Лемье рядом с ним заметил, как неожиданно насторожился его начальник. Он уставился на Гамаша, пытаясь понять, в чем дело.
– Что это за запах, месье Петров? – спросил Гамаш.
– Я ничего не чувствую, – ответил тот.
– А я чувствую, – встрепенулся Бовуар. – Так горит пластик или что-то подобное.
Теперь и Лемье почувствовал запах.
– Ах, это, – со смехом сказал Петров. – Я выкинул старую пленку в огонь. Ненужный хлам. Наверно, нужно было бросить ее в мусорное ведро. Как-то не подумал.
Он обезоруживающе улыбнулся. Гамаш подошел к камину и увидел шипящий сгусток желтого и черного. Старая пленка. А может быть, и не очень старая. В любом случае – уничтоженная.

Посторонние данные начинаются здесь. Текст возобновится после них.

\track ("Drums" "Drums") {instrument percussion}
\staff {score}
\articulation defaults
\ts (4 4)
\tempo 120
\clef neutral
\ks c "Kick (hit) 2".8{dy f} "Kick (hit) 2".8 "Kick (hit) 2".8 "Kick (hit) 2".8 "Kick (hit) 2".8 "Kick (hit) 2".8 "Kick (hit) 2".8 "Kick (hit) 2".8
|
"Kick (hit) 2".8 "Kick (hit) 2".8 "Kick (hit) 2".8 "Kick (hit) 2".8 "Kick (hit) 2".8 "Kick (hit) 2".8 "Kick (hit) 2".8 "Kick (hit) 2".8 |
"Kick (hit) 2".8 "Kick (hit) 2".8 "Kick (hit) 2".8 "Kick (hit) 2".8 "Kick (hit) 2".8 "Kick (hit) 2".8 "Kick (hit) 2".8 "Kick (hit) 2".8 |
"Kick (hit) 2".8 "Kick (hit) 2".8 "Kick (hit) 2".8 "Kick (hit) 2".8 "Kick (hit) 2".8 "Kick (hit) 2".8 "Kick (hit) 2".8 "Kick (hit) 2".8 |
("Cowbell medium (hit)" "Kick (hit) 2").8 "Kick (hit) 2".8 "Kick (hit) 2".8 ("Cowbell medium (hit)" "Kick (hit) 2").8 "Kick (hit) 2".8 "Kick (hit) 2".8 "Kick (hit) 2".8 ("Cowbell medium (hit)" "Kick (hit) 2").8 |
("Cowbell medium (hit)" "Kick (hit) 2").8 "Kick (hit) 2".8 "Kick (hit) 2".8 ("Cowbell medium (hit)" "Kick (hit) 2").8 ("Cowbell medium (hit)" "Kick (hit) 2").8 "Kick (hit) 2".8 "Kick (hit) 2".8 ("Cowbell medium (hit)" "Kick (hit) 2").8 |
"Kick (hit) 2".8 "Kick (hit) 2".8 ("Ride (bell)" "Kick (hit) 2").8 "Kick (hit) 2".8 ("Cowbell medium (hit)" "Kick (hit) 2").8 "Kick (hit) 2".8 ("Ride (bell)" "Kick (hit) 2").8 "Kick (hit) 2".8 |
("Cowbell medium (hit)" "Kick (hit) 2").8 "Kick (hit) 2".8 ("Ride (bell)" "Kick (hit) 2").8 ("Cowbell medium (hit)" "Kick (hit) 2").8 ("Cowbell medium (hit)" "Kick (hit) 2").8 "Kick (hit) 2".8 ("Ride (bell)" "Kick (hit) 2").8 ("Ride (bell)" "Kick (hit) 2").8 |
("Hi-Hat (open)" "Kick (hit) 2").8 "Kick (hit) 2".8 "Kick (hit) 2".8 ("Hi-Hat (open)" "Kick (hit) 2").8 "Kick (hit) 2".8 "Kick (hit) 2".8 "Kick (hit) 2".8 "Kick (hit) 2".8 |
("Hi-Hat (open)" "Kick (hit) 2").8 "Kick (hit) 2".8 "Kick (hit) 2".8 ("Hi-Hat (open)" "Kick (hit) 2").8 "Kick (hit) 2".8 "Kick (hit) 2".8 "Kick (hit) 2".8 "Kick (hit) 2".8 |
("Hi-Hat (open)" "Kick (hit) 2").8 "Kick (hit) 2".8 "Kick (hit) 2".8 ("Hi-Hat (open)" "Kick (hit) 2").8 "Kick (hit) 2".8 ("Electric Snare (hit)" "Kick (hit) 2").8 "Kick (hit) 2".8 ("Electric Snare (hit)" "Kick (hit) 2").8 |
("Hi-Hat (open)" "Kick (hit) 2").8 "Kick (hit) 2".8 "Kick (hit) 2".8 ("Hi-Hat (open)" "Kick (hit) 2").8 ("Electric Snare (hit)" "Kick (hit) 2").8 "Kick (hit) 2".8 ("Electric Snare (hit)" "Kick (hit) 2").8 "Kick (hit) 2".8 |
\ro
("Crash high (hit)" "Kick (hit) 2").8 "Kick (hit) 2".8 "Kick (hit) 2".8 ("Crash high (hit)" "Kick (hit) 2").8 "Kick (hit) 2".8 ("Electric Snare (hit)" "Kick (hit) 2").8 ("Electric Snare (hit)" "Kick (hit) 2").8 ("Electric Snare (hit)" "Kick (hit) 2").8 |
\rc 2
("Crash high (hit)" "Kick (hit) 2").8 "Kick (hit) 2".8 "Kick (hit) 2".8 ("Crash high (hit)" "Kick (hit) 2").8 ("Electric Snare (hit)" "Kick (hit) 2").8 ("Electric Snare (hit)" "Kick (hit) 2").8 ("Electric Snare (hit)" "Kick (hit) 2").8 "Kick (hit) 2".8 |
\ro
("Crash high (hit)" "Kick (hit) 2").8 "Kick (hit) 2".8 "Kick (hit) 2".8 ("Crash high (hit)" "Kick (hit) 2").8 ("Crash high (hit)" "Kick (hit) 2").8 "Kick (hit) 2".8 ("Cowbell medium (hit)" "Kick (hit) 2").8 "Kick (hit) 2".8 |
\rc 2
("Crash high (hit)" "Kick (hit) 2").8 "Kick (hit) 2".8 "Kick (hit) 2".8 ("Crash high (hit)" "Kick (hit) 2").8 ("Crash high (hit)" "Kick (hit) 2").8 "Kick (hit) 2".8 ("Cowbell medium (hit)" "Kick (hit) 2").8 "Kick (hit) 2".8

– Вы правы, – сказал Гамаш.
Петров привык к тому, что люди, в особенности Си-Си, видят его насквозь, но сейчас он испытывал какое-то новое ощущение. У него было такое впечатление, будто Гамаш заглядывает ему в душу.
– Вы не подумали. Возможно, не самый мудрый поступок.
Новая жизнь Петрова началась не более получаса назад, а он уже раскаивался. И все же, судя по виду этого спокойного человека, тот мог его понять. У него чуть голова не кружилась от предчувствия. Он с нетерпением ждал момента признания, после которого новая жизнь начнется по-настоящему. Начнется заново. У него даже слезы наворачивались на глаза. Он испытывал горячую признательность этому полицейскому инспектору за то, что тот выслушает его признание. Сол Петров воспитывался убежденным католиком, а потому, как и большинство людей его поколения, не принимал церковь, священников и все уловки религии. Но в этой скромной, даже нелепой комнате, где вместо витражного стекла на стене висели пластиковые украшения, ему хотелось опуститься на колени.
Ради того, чтобы начать все с чистой страницы.
– Я должен сказать вам кое-что.
Гамаш ничего не ответил. Петров заглянул в его добрые вдумчивые глаза, и внезапно в комнате не осталось никого, кроме них двоих.
– Мы с Си-Си были любовниками. Уже около года. Я не уверен, но думаю, что ее мужу это известно. Боюсь, мы не слишком скрывали наши отношения.